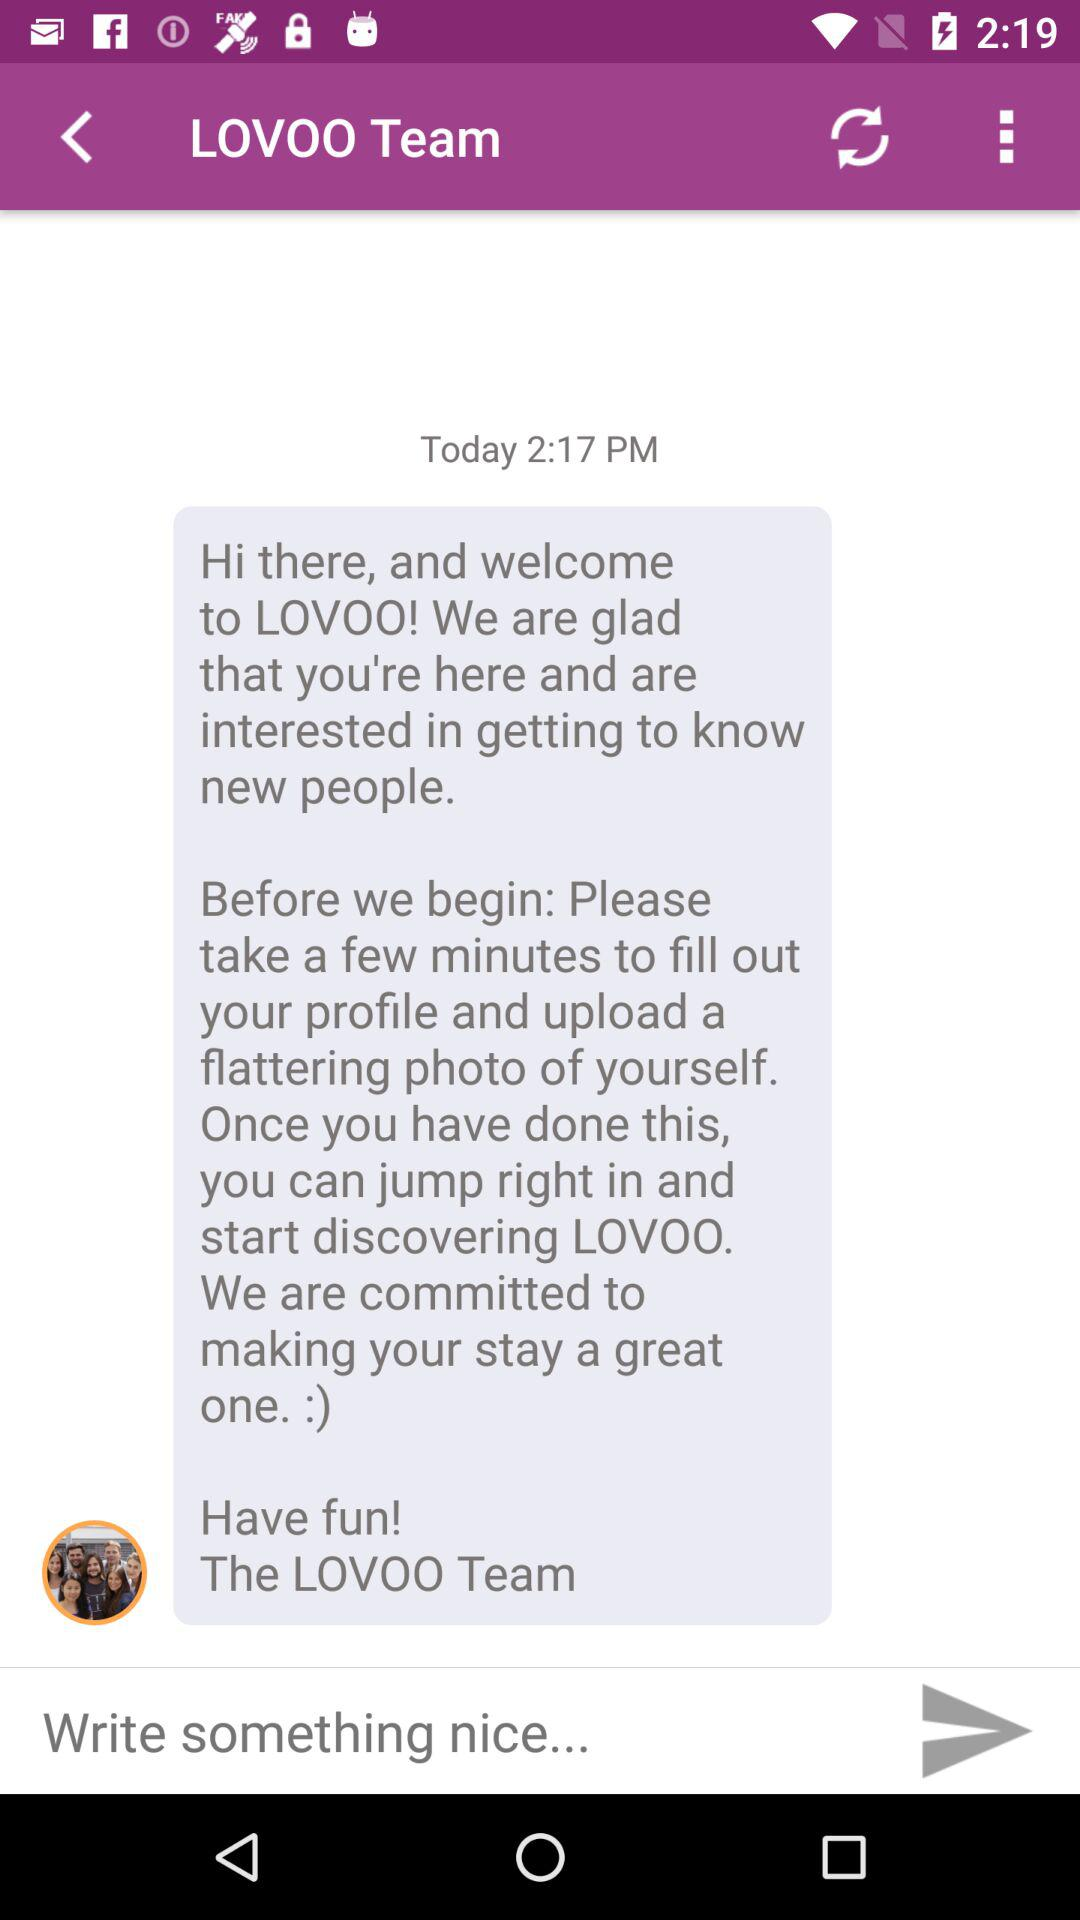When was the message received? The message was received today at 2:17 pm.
◆ ◆ ◆ ◆ ◆
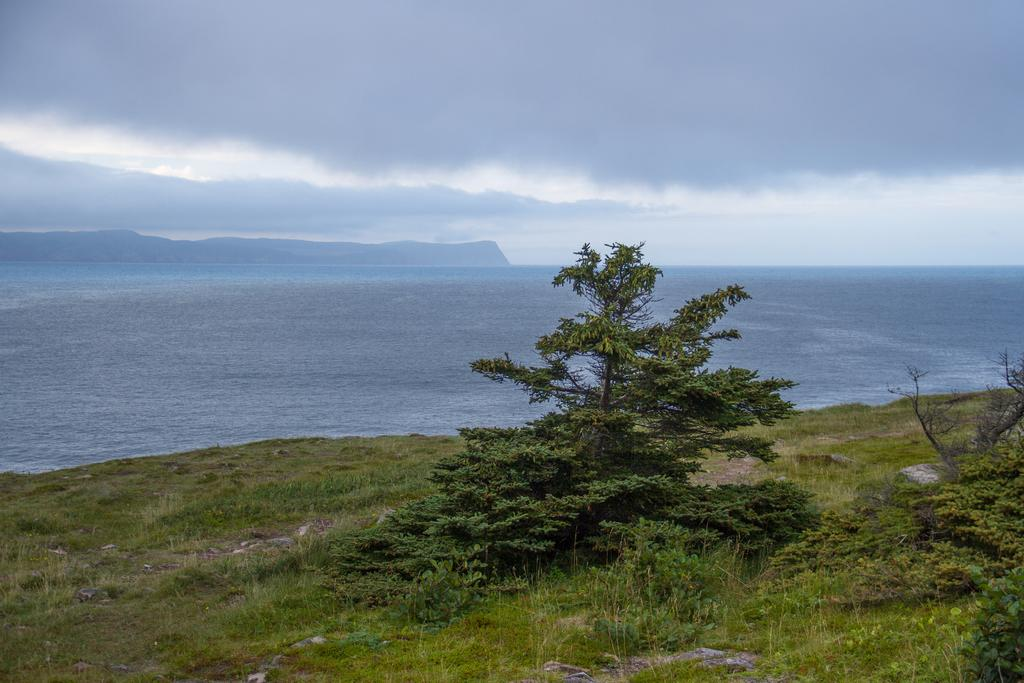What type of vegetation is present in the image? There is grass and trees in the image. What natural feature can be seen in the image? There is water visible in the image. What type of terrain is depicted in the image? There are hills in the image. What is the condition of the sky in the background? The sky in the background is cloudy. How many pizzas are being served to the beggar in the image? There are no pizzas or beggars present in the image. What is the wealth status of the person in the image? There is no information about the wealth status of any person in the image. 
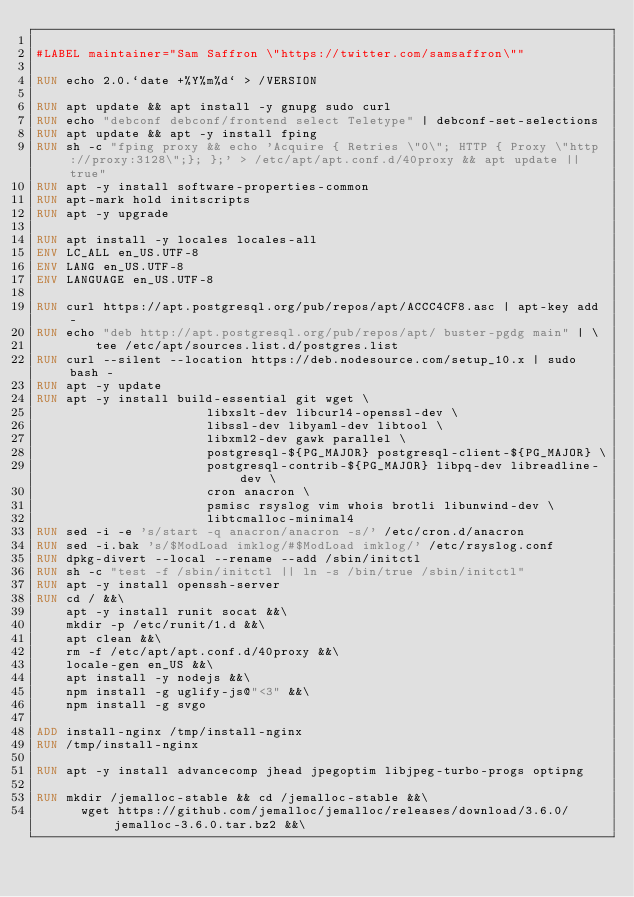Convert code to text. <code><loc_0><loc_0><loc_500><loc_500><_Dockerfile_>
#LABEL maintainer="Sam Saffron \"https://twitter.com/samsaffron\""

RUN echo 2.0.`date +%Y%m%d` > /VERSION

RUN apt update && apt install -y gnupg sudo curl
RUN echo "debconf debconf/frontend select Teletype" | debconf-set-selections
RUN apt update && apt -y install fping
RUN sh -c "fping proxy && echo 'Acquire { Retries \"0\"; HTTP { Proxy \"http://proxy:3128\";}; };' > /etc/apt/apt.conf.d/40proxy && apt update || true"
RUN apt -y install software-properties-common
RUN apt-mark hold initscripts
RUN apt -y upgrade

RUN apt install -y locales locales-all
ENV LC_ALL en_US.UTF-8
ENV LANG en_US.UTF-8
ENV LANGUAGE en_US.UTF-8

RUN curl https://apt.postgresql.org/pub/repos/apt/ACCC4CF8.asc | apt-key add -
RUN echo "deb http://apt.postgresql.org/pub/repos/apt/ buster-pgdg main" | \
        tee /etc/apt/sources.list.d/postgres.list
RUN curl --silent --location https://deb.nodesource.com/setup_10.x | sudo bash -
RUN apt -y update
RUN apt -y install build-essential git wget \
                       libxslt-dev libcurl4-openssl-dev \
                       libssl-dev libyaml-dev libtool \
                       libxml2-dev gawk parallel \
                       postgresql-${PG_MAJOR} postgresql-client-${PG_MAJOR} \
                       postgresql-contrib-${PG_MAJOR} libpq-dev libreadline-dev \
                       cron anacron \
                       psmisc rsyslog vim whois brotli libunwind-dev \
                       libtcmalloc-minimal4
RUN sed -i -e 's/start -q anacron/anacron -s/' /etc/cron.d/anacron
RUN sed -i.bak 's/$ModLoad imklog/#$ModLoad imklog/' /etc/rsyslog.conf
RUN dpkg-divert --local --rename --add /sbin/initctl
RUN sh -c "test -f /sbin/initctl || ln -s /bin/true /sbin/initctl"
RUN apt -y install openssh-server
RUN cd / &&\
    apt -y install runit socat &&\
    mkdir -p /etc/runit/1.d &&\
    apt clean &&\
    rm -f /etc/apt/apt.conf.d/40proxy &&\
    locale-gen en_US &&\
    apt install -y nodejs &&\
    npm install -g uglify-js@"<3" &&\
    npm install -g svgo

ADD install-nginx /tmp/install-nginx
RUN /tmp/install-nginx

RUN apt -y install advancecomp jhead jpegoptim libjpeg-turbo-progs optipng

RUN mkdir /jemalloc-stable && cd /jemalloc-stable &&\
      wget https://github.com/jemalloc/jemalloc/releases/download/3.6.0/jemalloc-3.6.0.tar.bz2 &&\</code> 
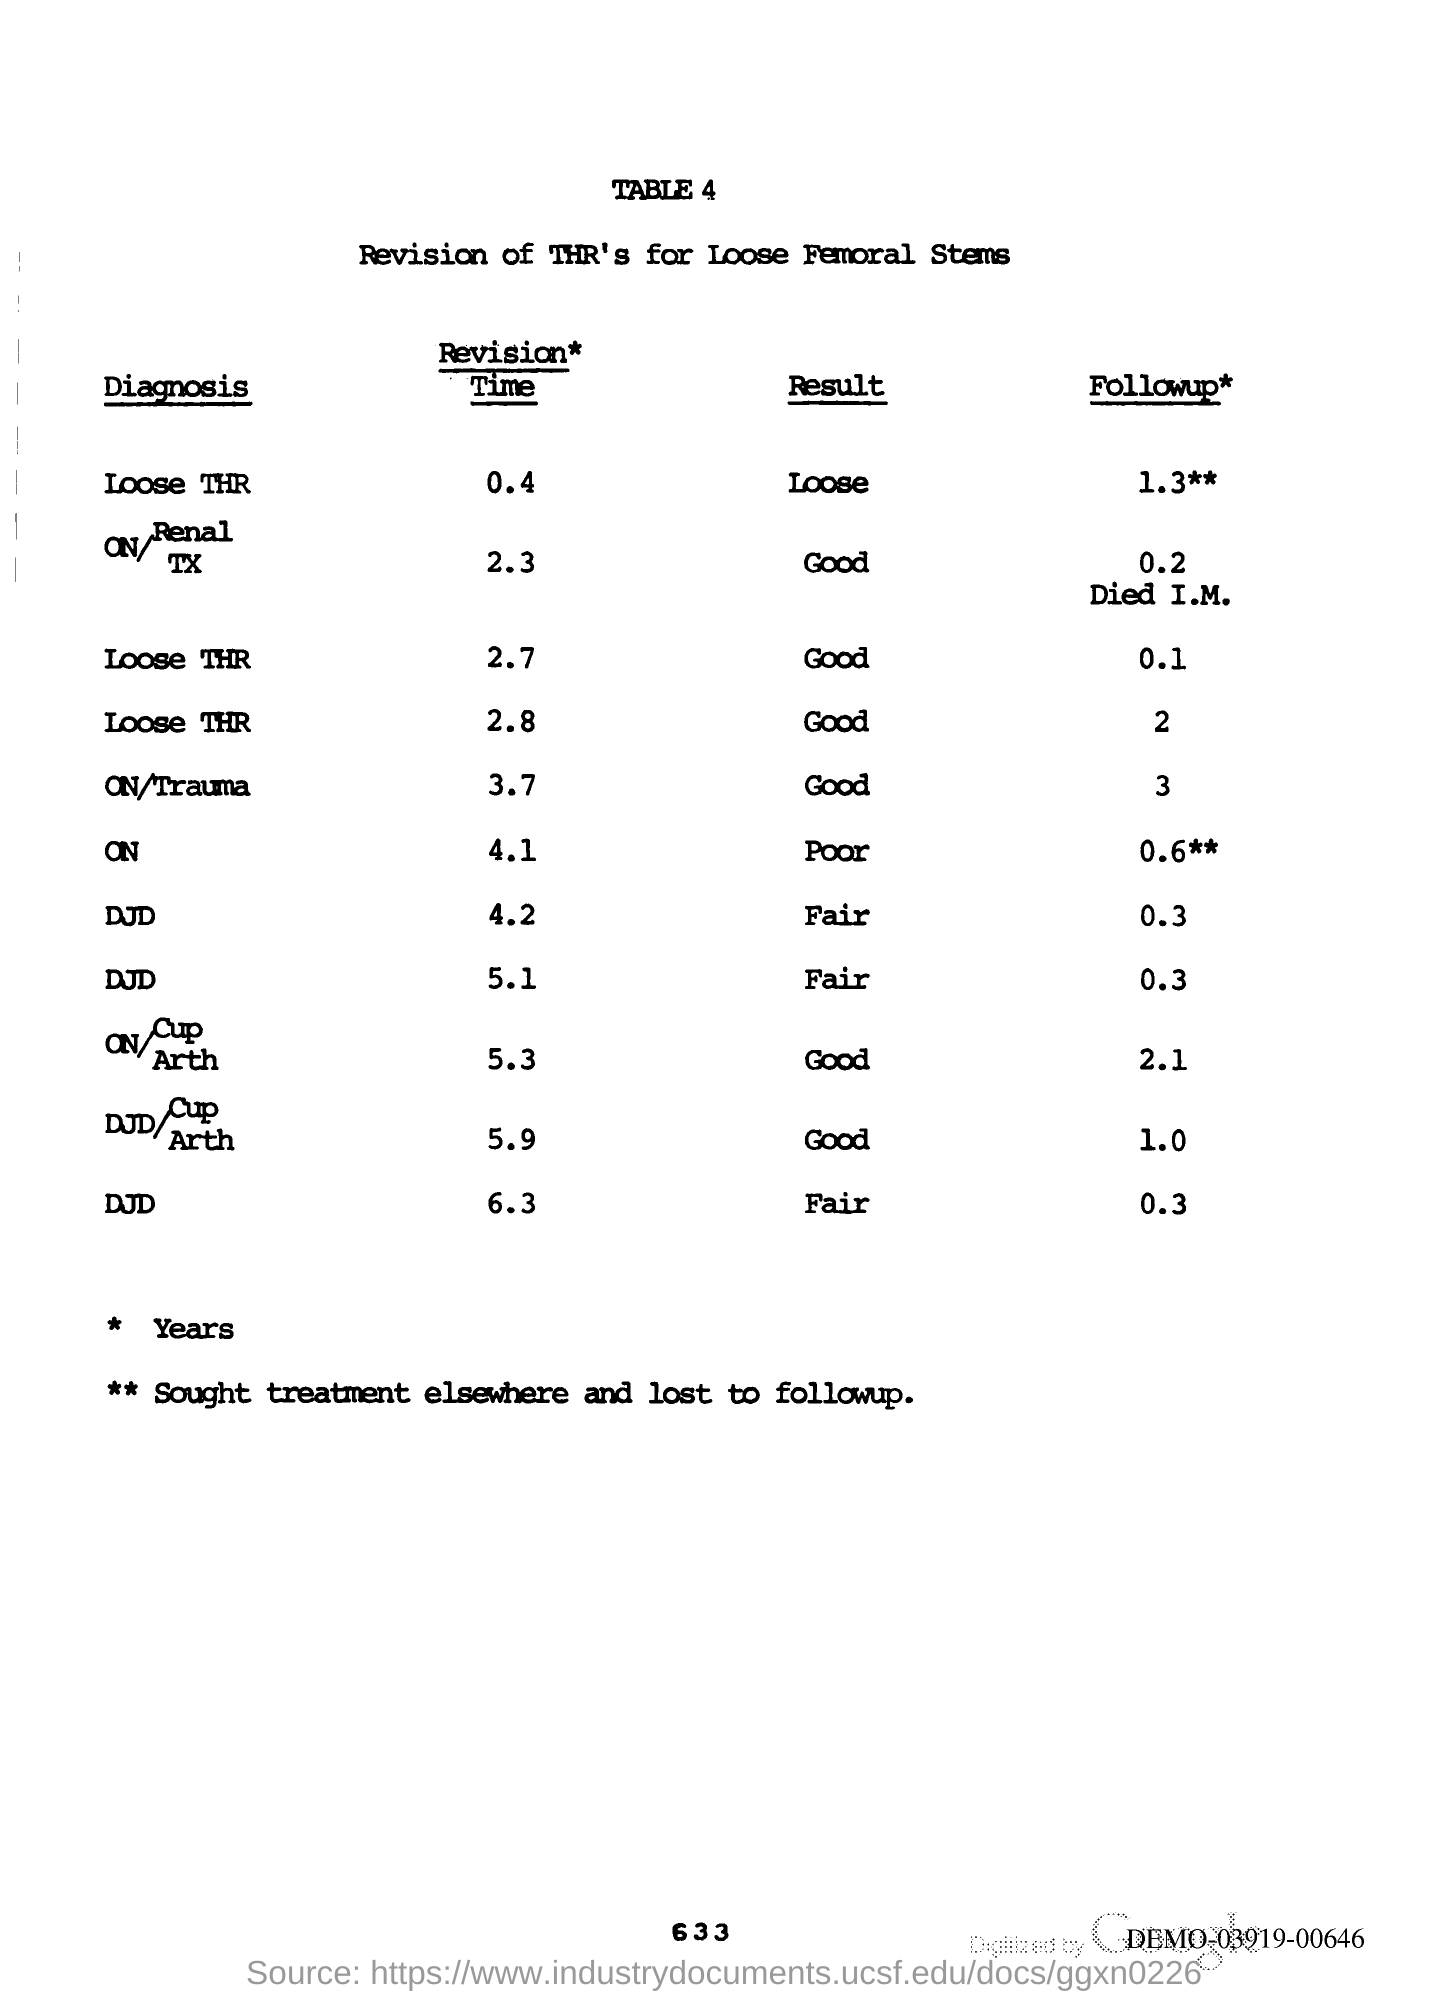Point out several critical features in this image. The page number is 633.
◆ ◆ ◆ ◆ ◆
> What to do: Scan the records above for the lines holding "tee /etc/apt/sources.list.d/postgres.list" and "RUN mkdir /jemalloc-stable". Transcribe those two and every line between them word for word, and no others.

> Exercise answer:
        tee /etc/apt/sources.list.d/postgres.list
RUN curl --silent --location https://deb.nodesource.com/setup_10.x | sudo bash -
RUN apt -y update
RUN apt -y install build-essential git wget \
                       libxslt-dev libcurl4-openssl-dev \
                       libssl-dev libyaml-dev libtool \
                       libxml2-dev gawk parallel \
                       postgresql-${PG_MAJOR} postgresql-client-${PG_MAJOR} \
                       postgresql-contrib-${PG_MAJOR} libpq-dev libreadline-dev \
                       cron anacron \
                       psmisc rsyslog vim whois brotli libunwind-dev \
                       libtcmalloc-minimal4
RUN sed -i -e 's/start -q anacron/anacron -s/' /etc/cron.d/anacron
RUN sed -i.bak 's/$ModLoad imklog/#$ModLoad imklog/' /etc/rsyslog.conf
RUN dpkg-divert --local --rename --add /sbin/initctl
RUN sh -c "test -f /sbin/initctl || ln -s /bin/true /sbin/initctl"
RUN apt -y install openssh-server
RUN cd / &&\
    apt -y install runit socat &&\
    mkdir -p /etc/runit/1.d &&\
    apt clean &&\
    rm -f /etc/apt/apt.conf.d/40proxy &&\
    locale-gen en_US &&\
    apt install -y nodejs &&\
    npm install -g uglify-js@"<3" &&\
    npm install -g svgo

ADD install-nginx /tmp/install-nginx
RUN /tmp/install-nginx

RUN apt -y install advancecomp jhead jpegoptim libjpeg-turbo-progs optipng

RUN mkdir /jemalloc-stable && cd /jemalloc-stable &&\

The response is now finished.